The Painter with Karen and Thaïs.

Lenkiewicz laboured on Project 17 – Observations on Local Education for five years, producing 150 finished paintings of more than twice as many sitters, including pedagogic radicals, teaching professionals, educational bureaucrats, school governors, and schoolchildren. The accompanying 2-volume publication contained 400 pages of ‘observations’ written by these sitters. The artist was convinced that every local parent would take a passionate interest in the attitudes of the people teaching their children. However, the Project met with apathy from public and press alike: attendance at the exhibition was poor, reviews in the local press rehashed old by-lines about the ‘controversial’ artist, and The Times linked him with the populist Plymouth illustrator, Beryl Cook. The dispirited Lenkiewicz began to question the whole Project approach and wrote in his diary: “Feel a strong leaning towards reclusive hard work for the future only.”

This is one of the earliest ‘double’ paintings which the artist planned to show in a small-scale exhibition outside his own studio and without a Project designation. Lenkiewicz couldn’t imagine a more important subject for study than the relationship between adult and child, which he also believed lay at the heart of the educational process:

Adults rarely feel that their lives are significant, and many of these adults are parents. The young person’s sensitivity to example is immeasurable. A parent or mentor whose creative life is passionless, dulled and uninspired, will have great difficulty in valuing themselves. To de-value oneself is to de-value others. We do not value another person by feeling superior or inferior to them. That is the straight road to Fascism.

Lenkiewicz had long planned a Project on the theme of ‘the family’ and several of the Education Project pictures featured Karen Ciambriello, heavily pregnant with their daughter Thaïs, who was born in the Spanish canopy bed in the Barbican studio in 1988, together with other family studies.
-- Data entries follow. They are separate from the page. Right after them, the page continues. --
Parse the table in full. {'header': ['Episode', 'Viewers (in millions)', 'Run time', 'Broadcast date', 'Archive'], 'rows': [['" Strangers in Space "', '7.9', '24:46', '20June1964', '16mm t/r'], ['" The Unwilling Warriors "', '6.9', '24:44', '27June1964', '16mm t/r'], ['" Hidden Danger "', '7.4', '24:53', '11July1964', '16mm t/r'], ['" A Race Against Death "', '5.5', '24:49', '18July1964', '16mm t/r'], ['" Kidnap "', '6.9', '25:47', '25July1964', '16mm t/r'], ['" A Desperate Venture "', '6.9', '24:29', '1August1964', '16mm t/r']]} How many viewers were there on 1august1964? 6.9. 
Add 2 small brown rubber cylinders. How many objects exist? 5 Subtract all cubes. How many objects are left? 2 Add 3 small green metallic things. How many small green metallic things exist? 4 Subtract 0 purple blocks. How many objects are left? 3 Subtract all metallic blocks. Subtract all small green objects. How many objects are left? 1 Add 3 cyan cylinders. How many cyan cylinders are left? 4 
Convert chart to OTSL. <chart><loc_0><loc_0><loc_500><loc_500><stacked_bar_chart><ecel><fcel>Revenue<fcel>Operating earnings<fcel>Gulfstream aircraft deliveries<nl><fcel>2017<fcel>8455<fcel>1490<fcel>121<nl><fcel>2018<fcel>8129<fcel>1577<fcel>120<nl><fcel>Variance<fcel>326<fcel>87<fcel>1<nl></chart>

When model Benedikte missed a late-night sitting for her ‘double’ themed painting, rather than waste “all that work and build-up to tonight’s painting” the artist collected Karen and the infant Thaïs from their home near his studio. His diary notes for that evening reveal him in combative mood, sitting in his library planning a new series of paintings that would take on the negative press responses to the education pictures which pigeonholed his work as ‘shocking’ or prurient:

Did full-size tonal study of the three of us – ‘Double theme’. Rich image – strangest of the three pieces so far. Much thought on enraging Project on the theme of ‘The Painter and Women’.